Inmitten der Nachrichten über Krieg und Zerstörung lautet das Dilemma: Wer zu lange hinsieht, wird stumpf. Wer zu lange wegsieht, wird kalt.

Nachwirkung der russischen Drohnen- und Raketenangriffe in Kiew, am 17.6.2025 Foto: Valentyn Ogirenko/reuters

G enau genommen ist es eine Lüge, dass die Welt in ihrem derzeitigen Zustand unerträglich ist. Ich ertrage sie schließlich – die russischen Luftangriffe auf Kyjiw, die brennenden Zeltlager in Gaza, die Hungersnot in Sudan.

An einem durchschnittlichen Werktag im Juni 2025 lauten die Nachrichten: Iranische Rakete trifft israelisches Krankenhaus, Israel greift iranische Atomanlage an, Putin warnt Deutschland vor Taurus-Lieferungen an die Ukraine, bei der Verteilung von Hilfsgütern in Gaza erschießen israelische Soldaten Zivilisten, heute meist sonnig bei 24 Grad.
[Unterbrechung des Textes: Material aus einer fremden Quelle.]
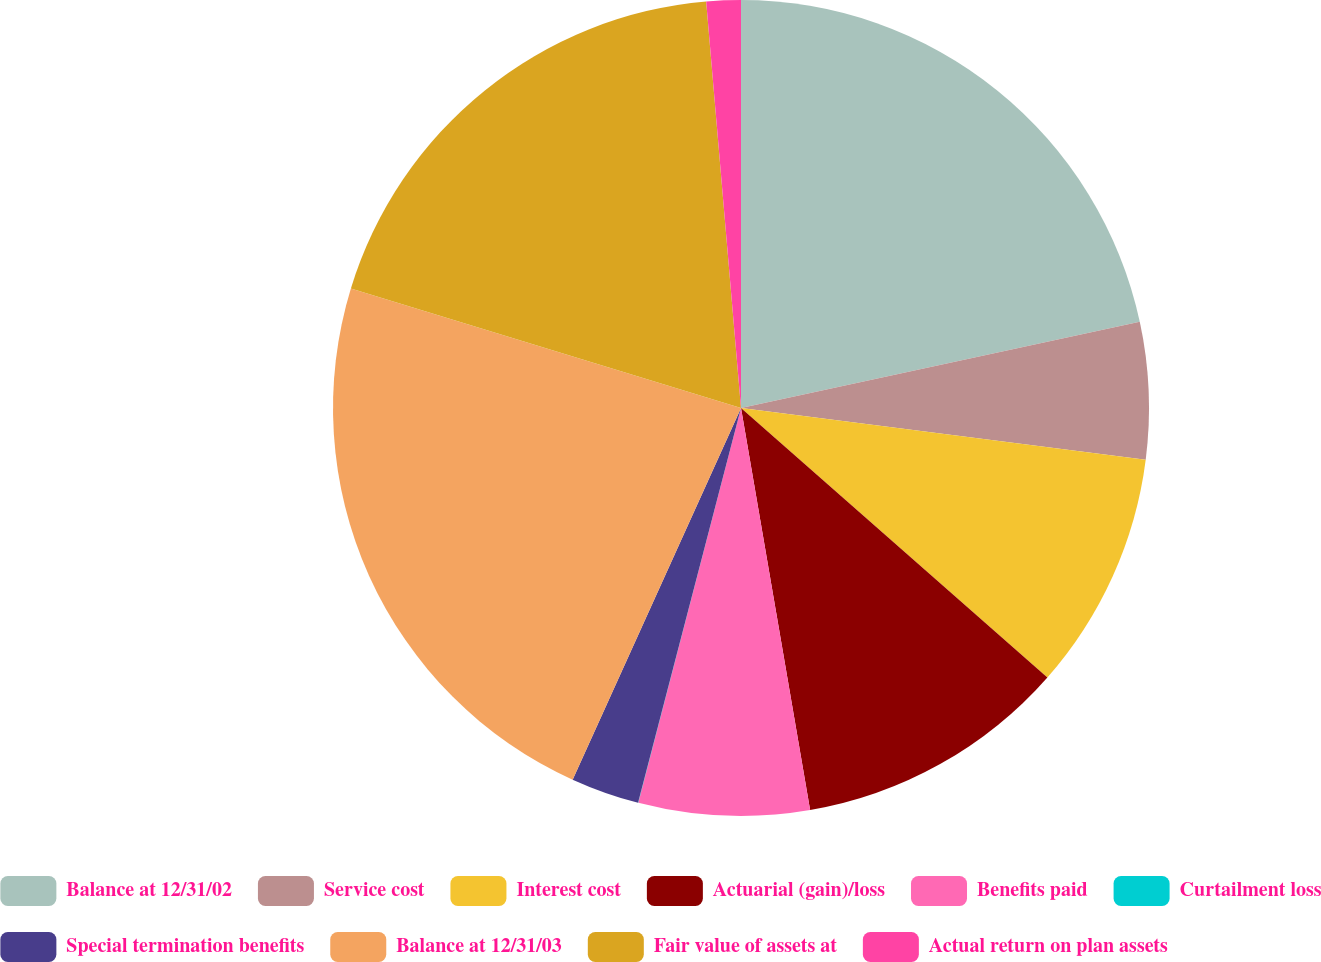Convert chart. <chart><loc_0><loc_0><loc_500><loc_500><pie_chart><fcel>Balance at 12/31/02<fcel>Service cost<fcel>Interest cost<fcel>Actuarial (gain)/loss<fcel>Benefits paid<fcel>Curtailment loss<fcel>Special termination benefits<fcel>Balance at 12/31/03<fcel>Fair value of assets at<fcel>Actual return on plan assets<nl><fcel>21.61%<fcel>5.41%<fcel>9.46%<fcel>10.81%<fcel>6.76%<fcel>0.01%<fcel>2.71%<fcel>22.96%<fcel>18.91%<fcel>1.36%<nl></chart>

Im Internet teilen mehr oder weniger Betroffene ihre Wut, ihre Angst und ihre gebrochenen Herzen. Ständig beklagt jemand „ohrenbetäubendes Schweigen“. An einem durchschnittlichen Werktag betrachte ich das Leid der Einen und der Anderen, abwechselnd, in 12- bis 20-sekündigen Videos. Ich soll auf eine Demo gehen, ich soll mich solidarisch zeigen. Ich soll irgendwo Zionisten hassen und wäre irgendwo anders Antisemitin, wenn ich Netanjahu einen Völkermord unterstellen würde. Zwischendurch trinke ich Cappuccino. Manchmal klicke ich auf einen Spendenlink.
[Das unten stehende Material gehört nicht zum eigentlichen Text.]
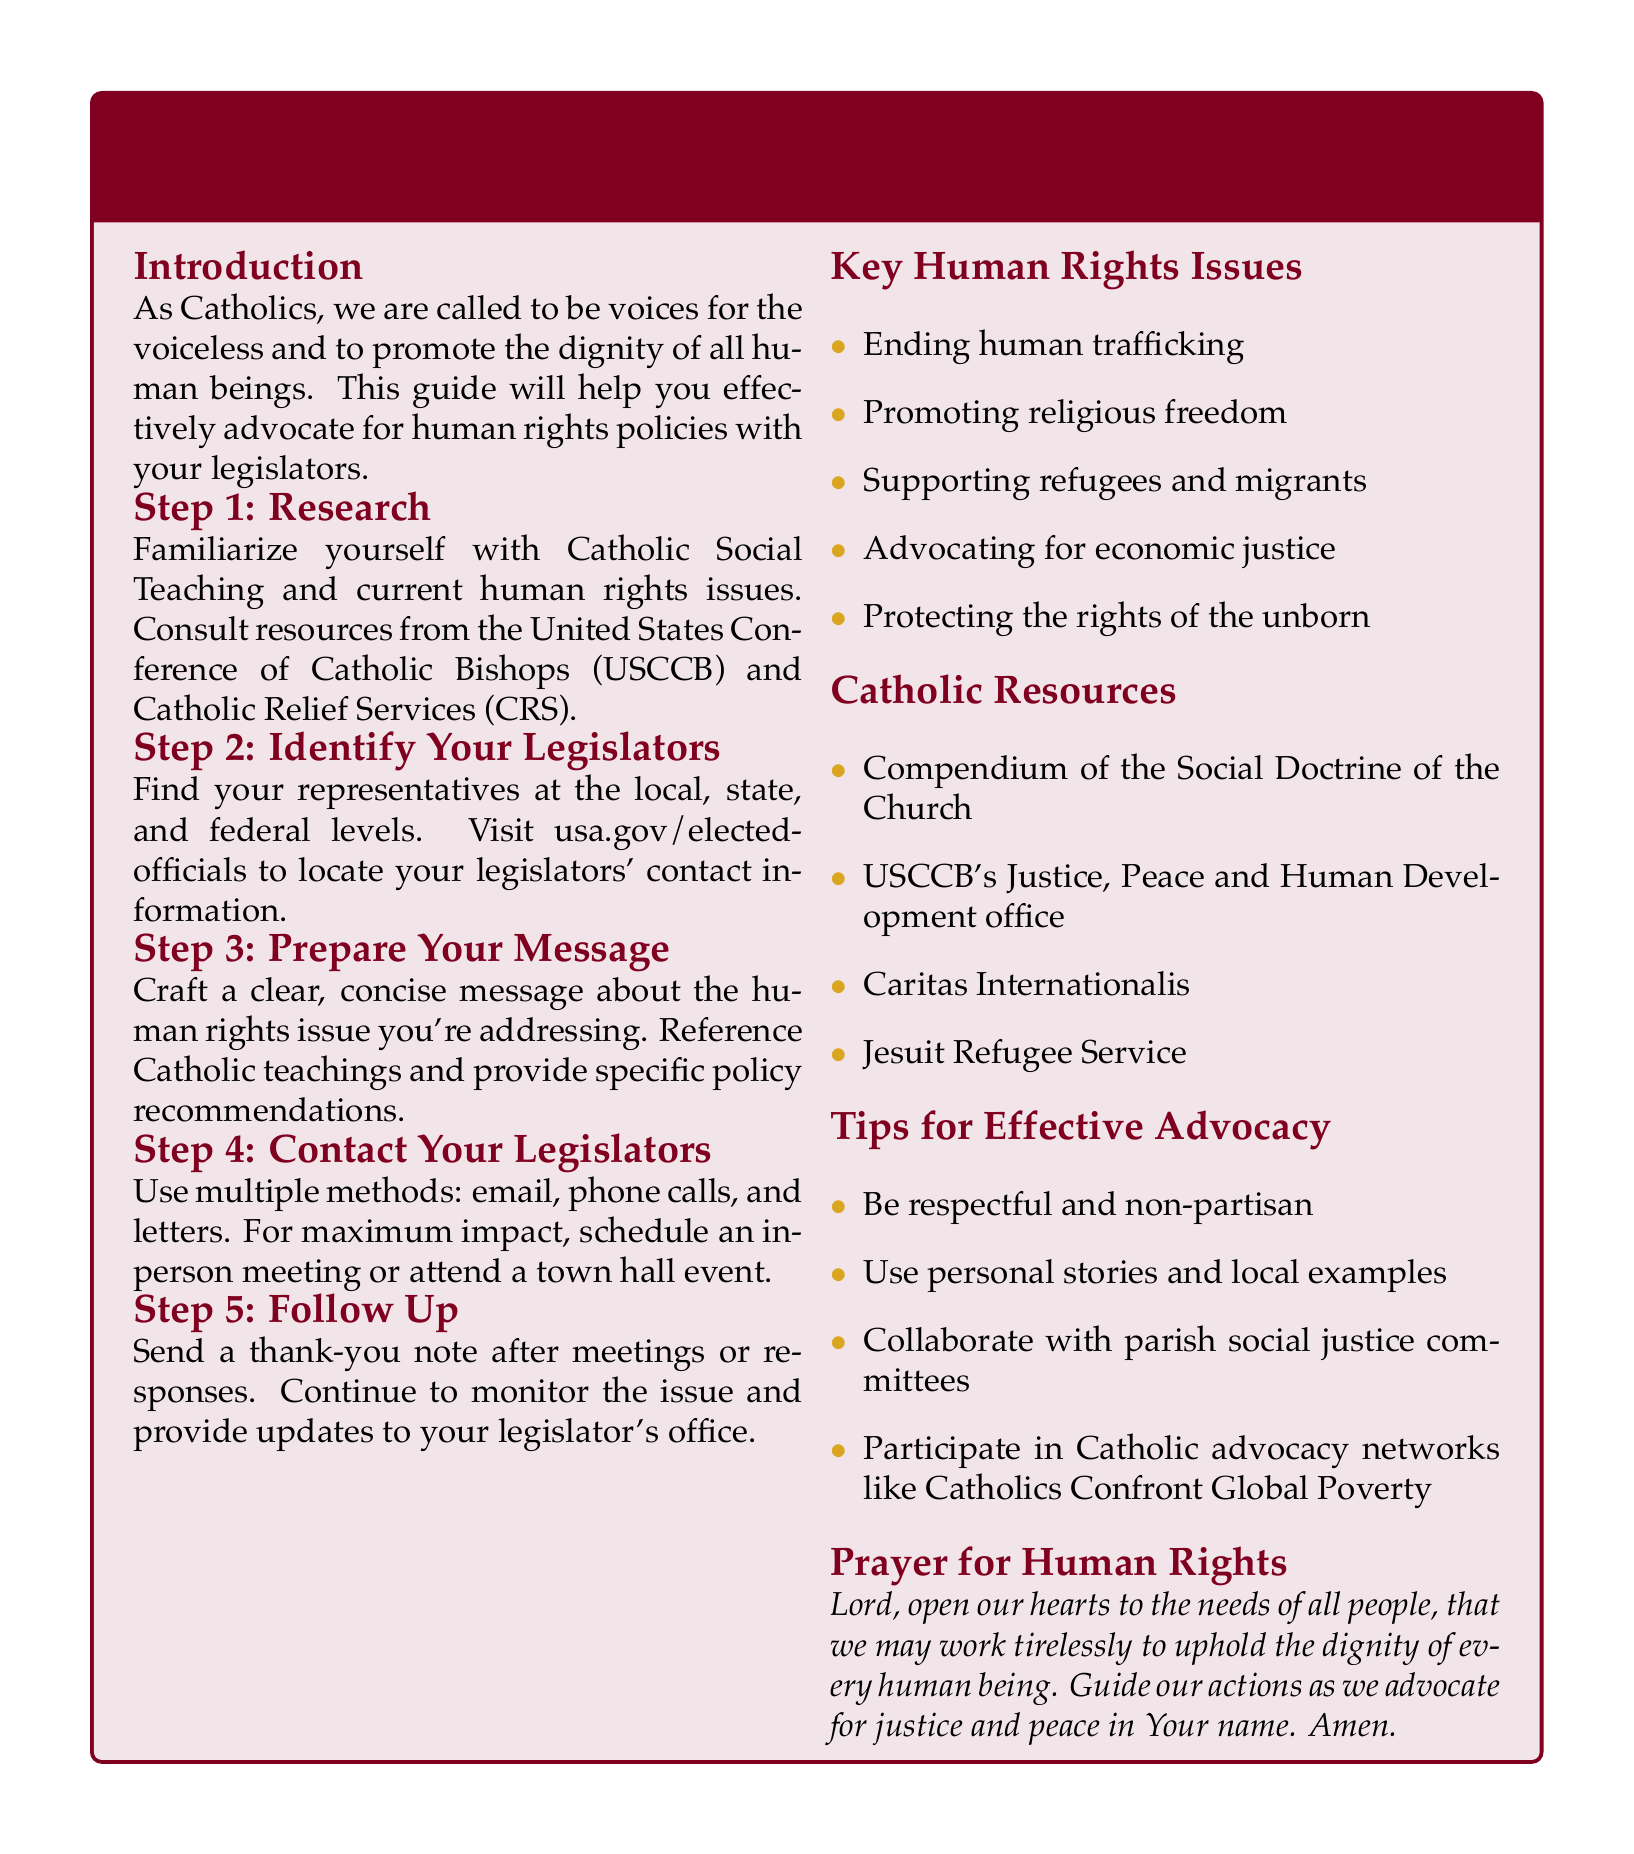What is the title of the brochure? The title summarizes the purpose of the document and is found at the beginning.
Answer: Catholic Advocacy Guide: Promoting Human Rights Through Legislation What is the first step in advocating for human rights? The first step outlined in the guide is about understanding a foundational aspect of advocacy.
Answer: Research What organization is mentioned for resources on human rights issues? The document recommends consulting prominent organizations to assist with advocacy efforts.
Answer: United States Conference of Catholic Bishops (USCCB) How many key human rights issues are listed? The brochure highlights several key concerns, which are important for advocacy work.
Answer: Five What type of tone should advocates use according to the tips? The guide emphasizes a particular approach to communication with legislators.
Answer: Respectful and non-partisan What is a suggested method for contacting legislators? The brochure provides multiple approaches to engaging with lawmakers effectively.
Answer: Email Who is the prayer for in the document? The prayer section focuses on a specific intention that aligns with the document's themes.
Answer: Human rights Which committee does the guide recommend collaborating with? The document suggests working with specific community groups to enhance advocacy efforts.
Answer: Parish social justice committees

Mir ist die Welt unbegreiflich geworden in einem Ausmaß, mit dem ich nicht umzugehen weiß. Früher habe ich aufgeschrieben, was ich nicht fassen konnte. Meistens ergab es hinterher mindestens ein bisschen Sinn. Aber Krieg an sich ist nun mal sinnlos, obwohl man im ganz realen Kriegszustand natürlich sinnvollere oder weniger sinnvolle Entscheidungen treffen kann. Im Angesicht dieser Umstände und der fortschreitenden Trumpisierung werden meine sinnsuchenden Worte allerdings zu Brei. Manchmal denke ich, ich müsste trotzdem etwas tun – wenigstens schreiben, dass das Völkerrecht über dem Recht des Stärkeren steht. Dass Krieg kein Tennisturnier ist und kein Mensch ein Kollateralschaden. Dass wir alle noch mal Susan Sontag lesen sollten, um zu lernen, was es mit uns macht, ständig all dieses Leid anzusehen. Aber meistens denke ich: Das ist doch alles schon gesagt. Und ich fürchte, dass eine politische Autorin, die etwas anderes will, als Recht haben, in diesen Zeiten eigentlich nur scheitern kann.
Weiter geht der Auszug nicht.